Today I met with people in the Hague about this project and other potential projects in the future. One of the meetings I had was with a woman who works at the International Criminal Tribunal on the former Yugoslavia.
Some notes about ICTY:
- ICTY was created as an ad hoc tribunal under the auspices on the United Nations to respond judicially to the atrocities committed in the former Yugoslavia (including current Croatia and Bosnia-Hercegovina, and Serbia) during the 1990s.
- There are victims and defendents as well as convicted perpetrators from Bosnia, Serbia, and Croatia.
- ICTY prosecutes genocide, crimes against humanity, and war crimes committed by the highest levels of the accused perpetrators.
- ICTY is temporary and event-specific- it only has jusisdiction over certain historical events in particular territories.
This morning, I met with Michelle Jarvis from the ICTY. She is involved in the prosecution and appeals of gendered crimes.
She said that she was eager for a new perspective on the subject of rape and war, coming from outside the sociopolitical/legal realm.
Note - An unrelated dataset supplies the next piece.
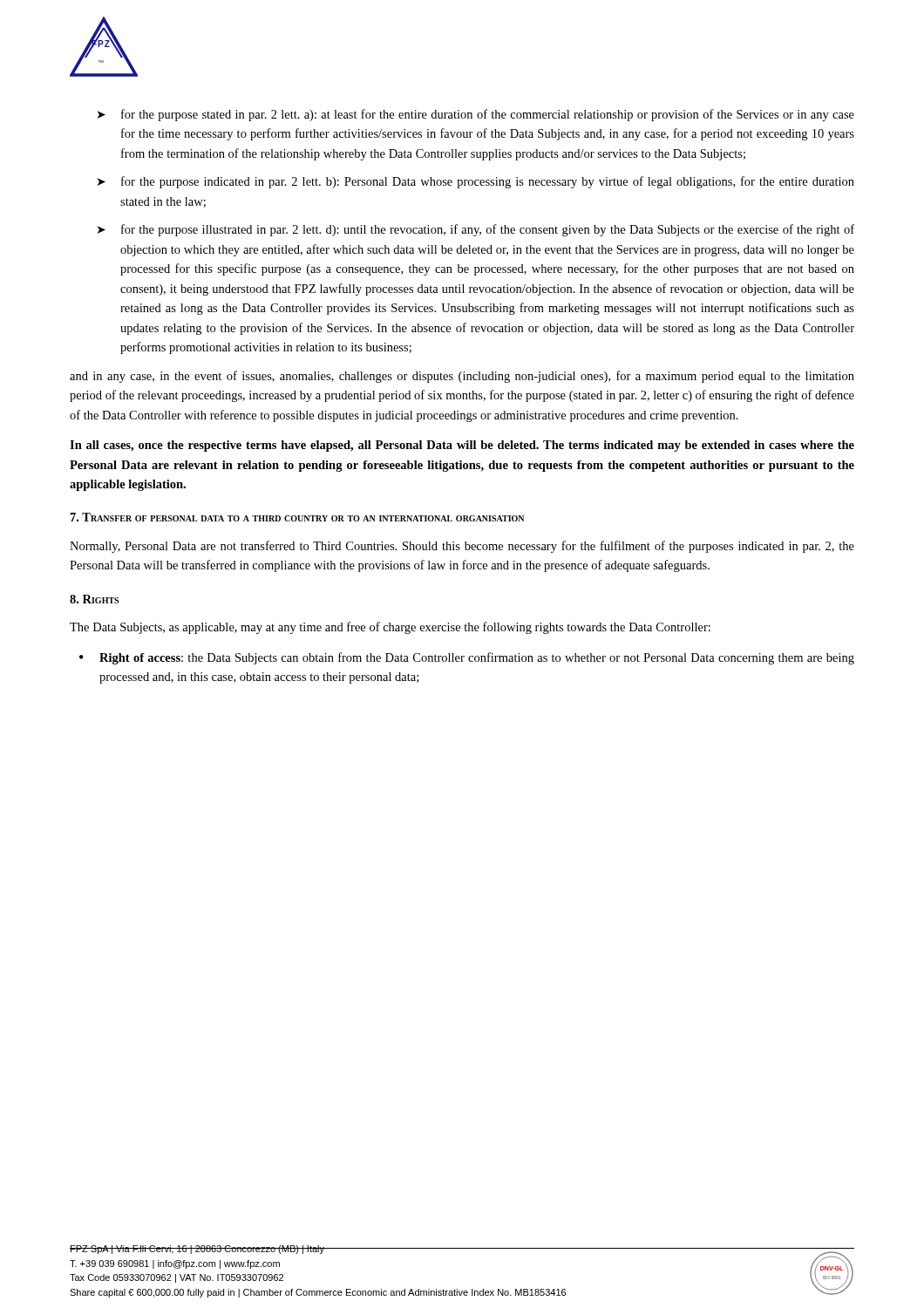Image resolution: width=924 pixels, height=1308 pixels.
Task: Click on the text block with the text "The Data Subjects, as applicable, may"
Action: (x=390, y=627)

She enouraged me to move beyind a desrciption f the horrible problem and address the issue of what can be done.
The most salient advice she gave was to develop the analysis of the problem of sexual violence in war to address the larger (and ultimately more important question): how do these women recover and what can/should the international community do to assist survivors in the process of healing from trauma.
Michelle was friendly, intelligent, and really interested in what I was doing. I gave her a copy of my book and asked her to help me strengthen the section about the development of the crime of rape in international law. It was really encouraging to meet with her, because she is doing important work and she felt like a kindred spirit.
After this productive meeting, I was able to watch an hour of the court proceedings that were happening while I was visiting ICTY. I got to see the cross-examination of some expert witness about when he knew about the existance of the Croatian part of the current Bosnia-Hercegovina.
It was amazing to see the court, with its judges clad in red and black. Countless people were plugged in to computers as translated text scrolled by on the monitors. Audience members, judges, etc. wear earphones to listen to the translation, but I was lucky because the court was conducted in english. When the cross-examination got heated, a vexed-sounding french woman would come over the loudspeaker to remind the witness and lawyer to pause between responses for translation.
This was a once in a lifetime opportunity, to see ICTY in action, because it is a temporary, ad hoc court. It is scheduled to end in the next couple of years (I don't remember exactly when) and then it will be no more.
I feel blessed to have experienced it, even for only an hour during some kinda boring testimony. I had to get going though, because I had another meeting to attend to in the Hague...
After all this excitement, I took the tram across town to the International Criminal Court.